Maggie levantó la mano para frotarse los ojos otra vez, sólo para darse cuenta de que aún estaba sujetando la pistola. La dejó a un lado y se echó hacia atrás. Se sentía derrotada. Maldito fuera aquel capullo de Manx.
– ¿Agente O'Dell? ¿Es cierto?
– Me he mudado hoy a este barrio. Vi unos coches de policía al final de la calle. Pensé que tal vez podría echarles una mano.
– ¿E irrumpió en la escena de un crimen sin que nadie la invitara?
– Yo no irrumpí en ningún sitio. Sólo ofrecí mi ayuda.
– Eso no es lo que me ha dicho el detective Manx.
– No, ya me lo imagino.
– Quiero que se mantenga apartada del trabajo de campo, agente O'Dell.
– Pero podía…
– Eso significa que no puede utilizar sus credenciales para colarse en la escena de un crimen. Aunque sea en su calle. ¿Entendido?
Ella se pasó los dedos por el pelo revuelto. ¿Cómo se atrevía ese Manx? Ni siquiera hubiera descubierto al perro de no haber sido por ella.
– ¿Está claro, agente O'Dell?
– Sí. Sí, perfectamente claro -dijo, esperando casi una reprimenda adicional por su tono de sarcasmo.
– Que tenga buen viaje -dijo él con su brusquedad habitual, y colgó.
Maggie dejó el teléfono sobre el escritorio y empezó a rebuscar entre los archivos. La tensión de su cuello, de su espalda y de sus hombros era cada vez mayor. Se levantó, estirándose, y notó que la rabia aún martilleaba en su pecho. ¡Maldito Manx! ¡Maldito Cunningham! ¿Cuánto tiempo creía que podría mantenerla alejada del servicio activo? ¿Cuánto tiempo pensaba seguir castigándola por su debilidad? ¿Y cómo esperaba capturar a Stucky sin su ayuda?

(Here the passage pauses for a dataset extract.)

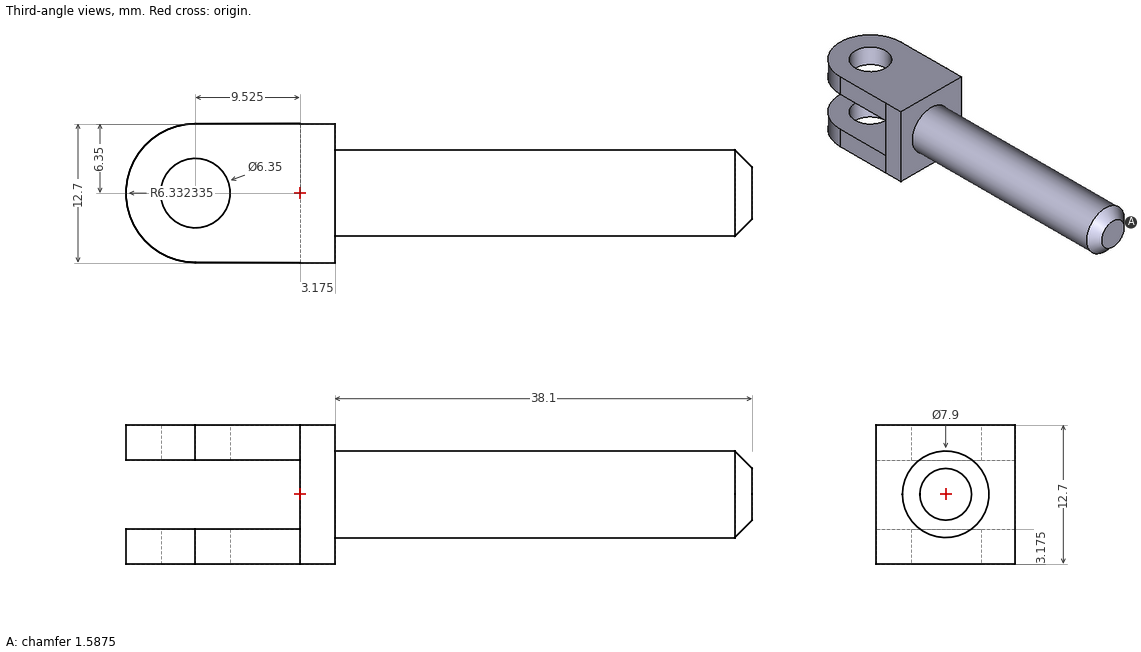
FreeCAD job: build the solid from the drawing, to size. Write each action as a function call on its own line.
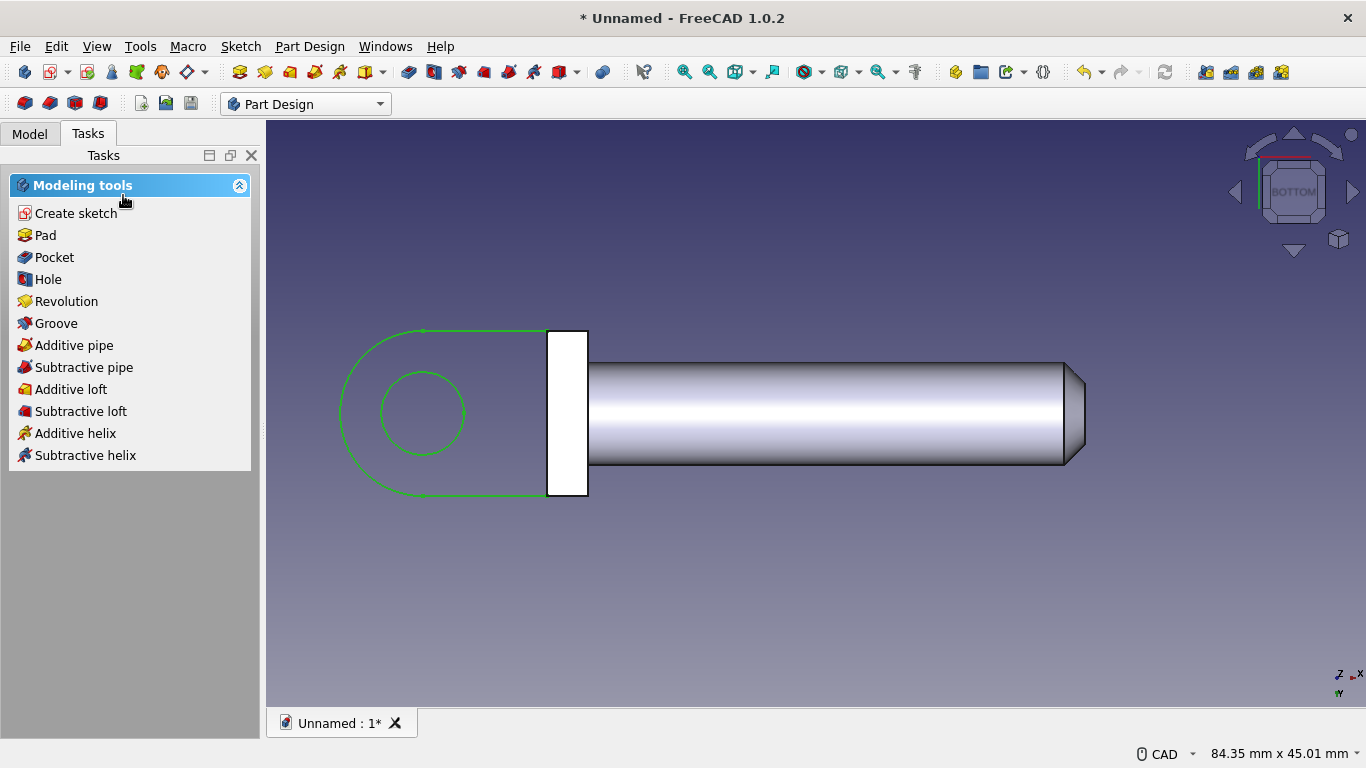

Maggie comprobó el sistema de alarma por tercera vez, revisando dos veces la luz roja de encendido a pesar de que, cada vez, una voz mecánica le decía que el «sistema de alarma había sido activado». Al infierno con el zumbido de su cabeza. Se sirvió otro whisky, intentando convencerse de que uno más sin duda aliviaría su tensión.
El suelo de la habitación estaba cubierto de papeles y fotografías. Le pareció muy apropiado inaugurar su nuevo hogar con un montón de sangre y horror. Se retiró al solario, asió el revólver y, sacando una manta de una caja que había en un rincón, se la echó sobre los hombros. Apagó todas las luces, salvo la del escritorio. Luego se acurrucó en la tumbona, mirando hacia los ventanales.
Acunaba y bebía el whisky mientras contemplaba la luna deslizarse entre las nubes, haciendo bailar las sombras del jardín. En la otra mano sujetaba el revólver que descansaba sobre su regazo, oculto bajo la manta. A pesar del aturdimiento que notaba tras los globos oculares, estaría preparada. Tal vez el director adjunto Cunningham no pudiera impedir que Albert Stucky fuera por ella, pero ella sí podría. Y, esta vez, sería Stucky quien se llevara una sorpresa.
Reston, Virginia
Sábado noche
28 de marzo
R. J. Tully sacó otro billete de diez dólares y lo deslizó bajo el ventanuco de la taquilla. ¿Desde cuándo costaba el cine ocho dólares cincuenta? Intentó recordar la última vez que había ido al cine una noche de sábado. Intentó recordar cuándo había sido la última vez que había ido al cine, y punto. Seguramente Caroline y él habían ido alguna vez en sus trece años de matrimonio. Aunque habría sido al principio, antes de que ella empezara a preferir a sus compañeros de trabajo antes que a su marido.